■ **AVAILABLE DATA**:
■ ■ ■ ■ ■
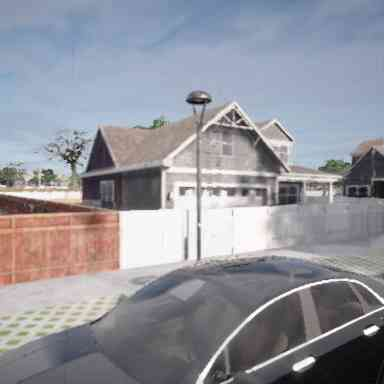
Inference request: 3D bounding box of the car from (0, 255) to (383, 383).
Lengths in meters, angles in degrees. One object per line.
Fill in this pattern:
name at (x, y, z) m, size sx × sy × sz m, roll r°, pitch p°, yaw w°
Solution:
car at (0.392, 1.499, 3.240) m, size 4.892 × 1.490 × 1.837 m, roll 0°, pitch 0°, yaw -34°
■ ■ ■ ■ ■
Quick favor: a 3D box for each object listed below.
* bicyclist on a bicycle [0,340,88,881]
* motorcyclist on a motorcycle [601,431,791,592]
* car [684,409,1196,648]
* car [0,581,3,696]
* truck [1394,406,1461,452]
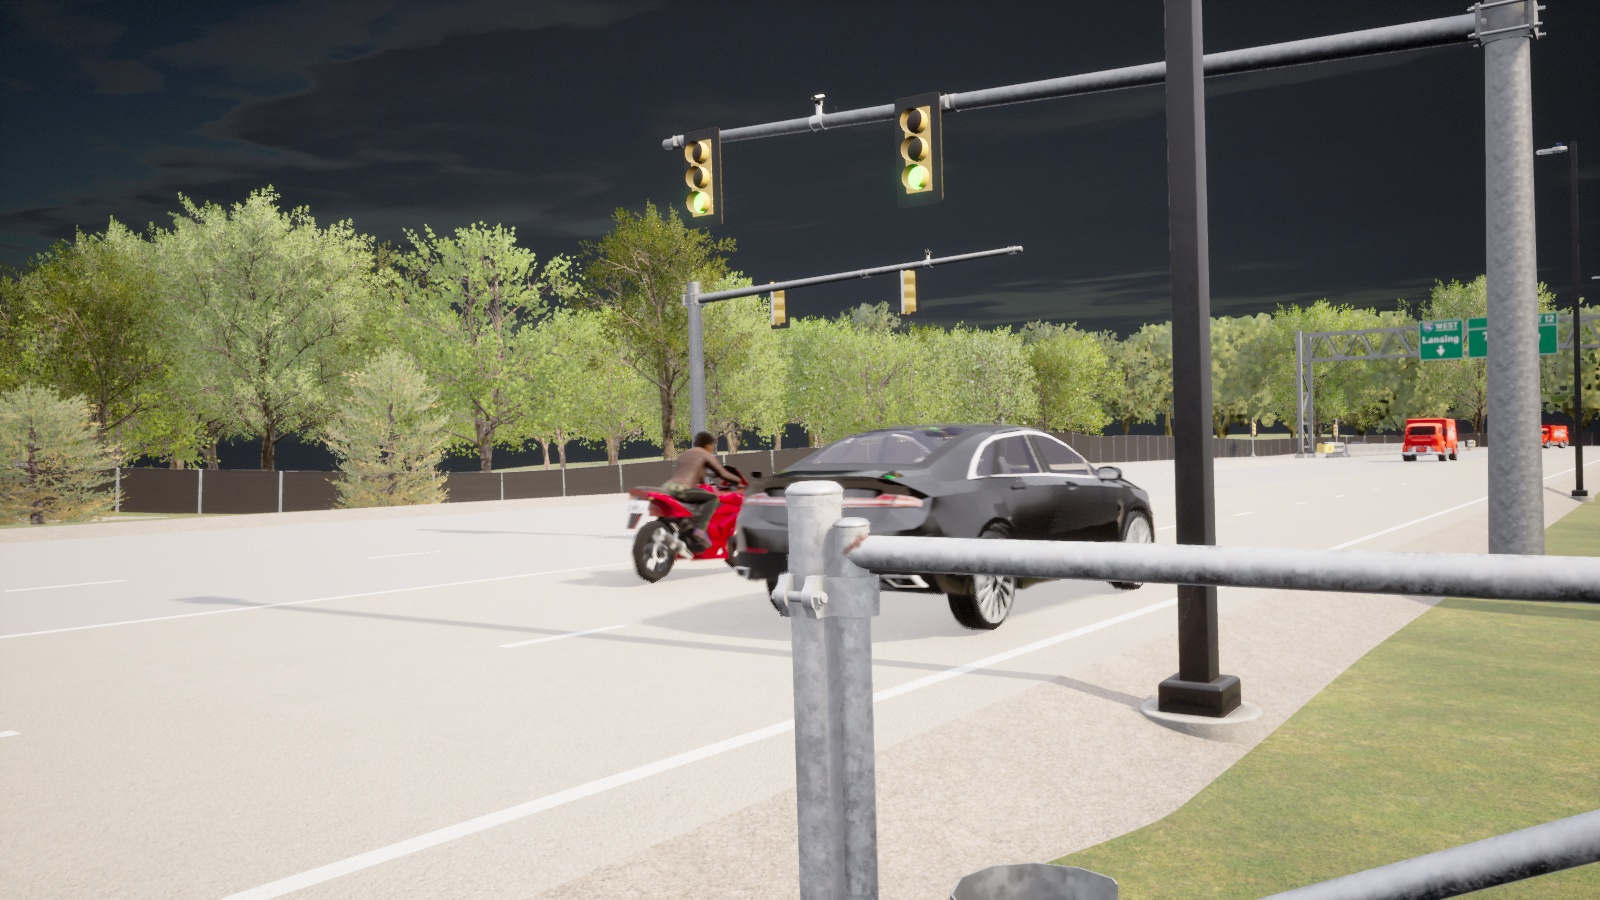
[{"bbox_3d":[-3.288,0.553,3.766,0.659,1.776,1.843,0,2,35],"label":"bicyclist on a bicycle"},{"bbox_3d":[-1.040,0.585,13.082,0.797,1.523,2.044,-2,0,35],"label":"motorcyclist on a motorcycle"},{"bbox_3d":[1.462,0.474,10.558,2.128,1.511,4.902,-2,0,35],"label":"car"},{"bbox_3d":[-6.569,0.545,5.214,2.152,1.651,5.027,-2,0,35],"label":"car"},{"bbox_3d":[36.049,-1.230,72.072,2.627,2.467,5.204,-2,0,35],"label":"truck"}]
■ ■ ■ ■ ■
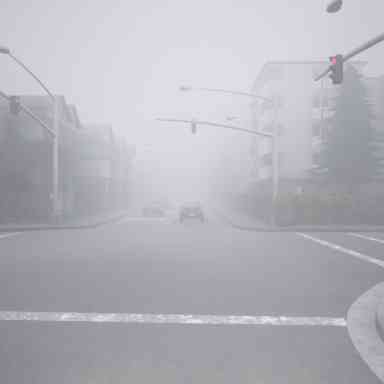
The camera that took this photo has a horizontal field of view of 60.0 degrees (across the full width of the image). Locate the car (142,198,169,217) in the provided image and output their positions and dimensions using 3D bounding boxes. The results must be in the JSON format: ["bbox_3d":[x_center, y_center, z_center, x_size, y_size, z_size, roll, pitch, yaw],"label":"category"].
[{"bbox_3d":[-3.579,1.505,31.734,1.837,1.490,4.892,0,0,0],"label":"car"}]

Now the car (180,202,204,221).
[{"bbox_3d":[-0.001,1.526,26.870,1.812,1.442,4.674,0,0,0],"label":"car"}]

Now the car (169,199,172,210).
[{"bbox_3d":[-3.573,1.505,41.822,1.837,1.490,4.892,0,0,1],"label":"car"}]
■ ■ ■ ■ ■
■ **WHAT THE EXERCISE ASKS**: Within the material above, tally each line that contains "object" and respond with the tally only.

■ **EXERCISE SOLUTION**: 2